My arrival in Hervey Bay

I am blessed and I don’t deserve this. I feel like I am at a Caribbean resort because the temperature is so splendid. There’s a touch of humidity in the air and the sun is still strong. Both the pool at my villa and the ocean’s waters have warm water. I tried both today. It has rained for days upon days, but on the day I arrived the sun was shining brightly with a few wisps of clouds.

The folks at Xavier Catholic School

I was greeted so warmly by Mr. Kerry Swann and Bern. As soon as we arrived, we traveled to a teacher’s house for coffee. He just renovated the house in back of his former house and it is so spacious and airy. It is beautiful construction. The hardwood floors are made of the second most durable gum tree. They have a great design to their new home.

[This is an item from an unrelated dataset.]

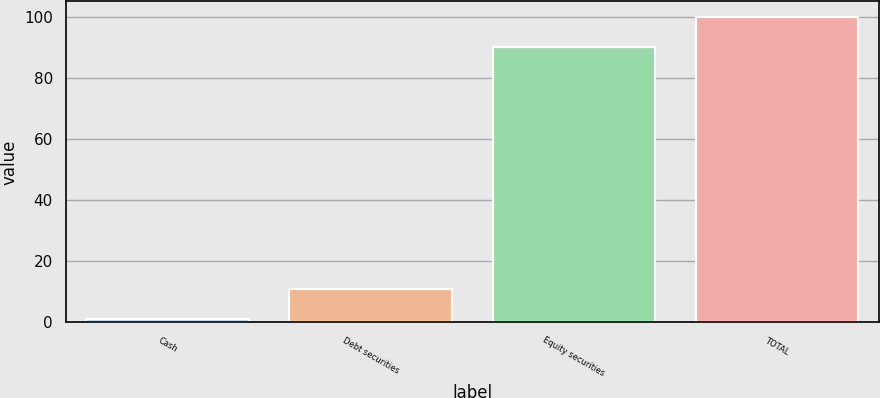Convert chart to OTSL. <chart><loc_0><loc_0><loc_500><loc_500><bar_chart><fcel>Cash<fcel>Debt securities<fcel>Equity securities<fcel>TOTAL<nl><fcel>1<fcel>10.9<fcel>90<fcel>100<nl></chart>

Afterwards, we traveled to the south side of Hervey Bay for lunch with other teachers and administrators. The meal was terrific as I had grilled Barramundi and a few low carbohydrate brews. Very tasty. I can’t remember all the names: Loretta (Kerry’s wife), Di, Carmel, Brendan (Ignatian Spirituality coordinator), and Glen(?). The al fresco dining with the warm breeze made for such a pleasant day.

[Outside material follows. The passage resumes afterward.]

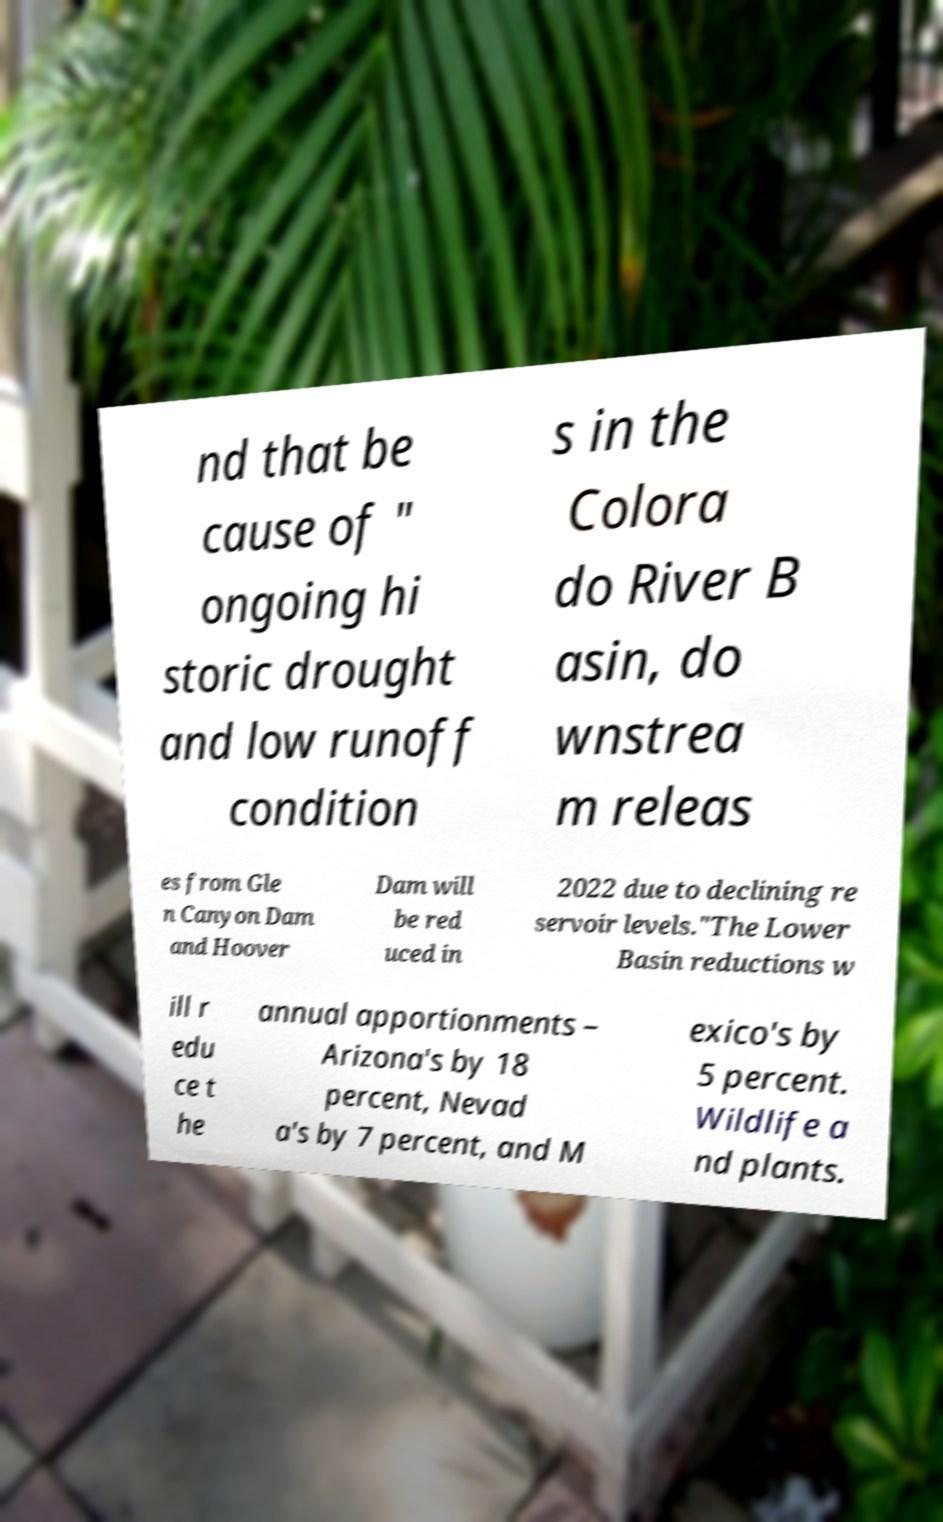Please identify and transcribe the text found in this image. nd that be cause of " ongoing hi storic drought and low runoff condition s in the Colora do River B asin, do wnstrea m releas es from Gle n Canyon Dam and Hoover Dam will be red uced in 2022 due to declining re servoir levels."The Lower Basin reductions w ill r edu ce t he annual apportionments – Arizona's by 18 percent, Nevad a's by 7 percent, and M exico's by 5 percent. Wildlife a nd plants.

Afterwards I moved into my holiday villa and settled in for a little rest. Why is it that Americans do not allow for naps? Our work productivity would be improved so much. I was struck by the nice design of the luxury apartment.

In the afternoon, I met Kerry and others (primarily from the Star of the Sea School) at Hoolihans to watch some of their national sport. I can not quite remember the difference between Rugby League and the AFL. This one had the two goal posts instead of the four and you did not have to kick the ball after every 10 meters. It seems like the more difficult game. I am just amazed at how bruising these games are in light of the polite, kind, civilized people who are the Australians. The pints of Guinness though hit the spot.

Dinner at Hoolihans was very nice. I had a Kilarney steak and some chips. I had the most pleasurable day meeting so many kind people of Hervey Bay. I am fortunate to be here with them.

The town

Hervey Bay is a collection of small villages that sprang up along the coast. The main street runs along the ocean with small privately-owned shops and restaurants. The bay is miles upon miles of beach with piers and walking trails. We are very near to the Fraser Island, which is the largest sand island in the world. In the middle of the vast island are tropical rain forests. Cumulus clouds assemble over the center of the island and provide the rain, but the coastal areas get much sunshine. I may get there this coming weekend as we celebrate Labor Day. Fraser Island and the Great Barrier Reef meet the Pacific Ocean but provide shelter and warmth for Hervey Bay. It is a great whale watching area and there are dolphins and a few sharks, but it is very safe to swim.

Along the main road, the shops are on the land side of the road. The town was very wise in creating an esplanade on the ocean side of the road. The esplanade provides a walking and bicycle trail along the seashore, and the trees provide shelter from ocean storms that could damage the sugar cane crop. It provides scenic beauty as you step through the many paths to the sandy beaches. The tropical colors of the houses add to the beauty of the land. I used portions of the exercise equipment that dot the walking trails. This morning I probably walked 8 kilometers. Unfortunately I left my pedometer in the apartment.

My fortunate schedule

I arrived in Hervey Bay on Anzac Day, April 25th, and enjoyed a very full day of activities. Monday is a national holiday. Later in the week, several of the teachers are attending a conference so I told the schedule will end up being rather light. We have another long weekend next weekend as Labor Day is celebrated.

Preparations for tomorrow

Today feels like a continuation of my retreat. I spent some time playing some music that I used on retreat and it brought back many good memories. I spent time praying for my brother tertians who are now dispersed and I prayed for Adrian and Joe, our tertian instructors, who are incredible people and have provided for us so well. Gosh, I know that I will miss them all when it is time to return stateside.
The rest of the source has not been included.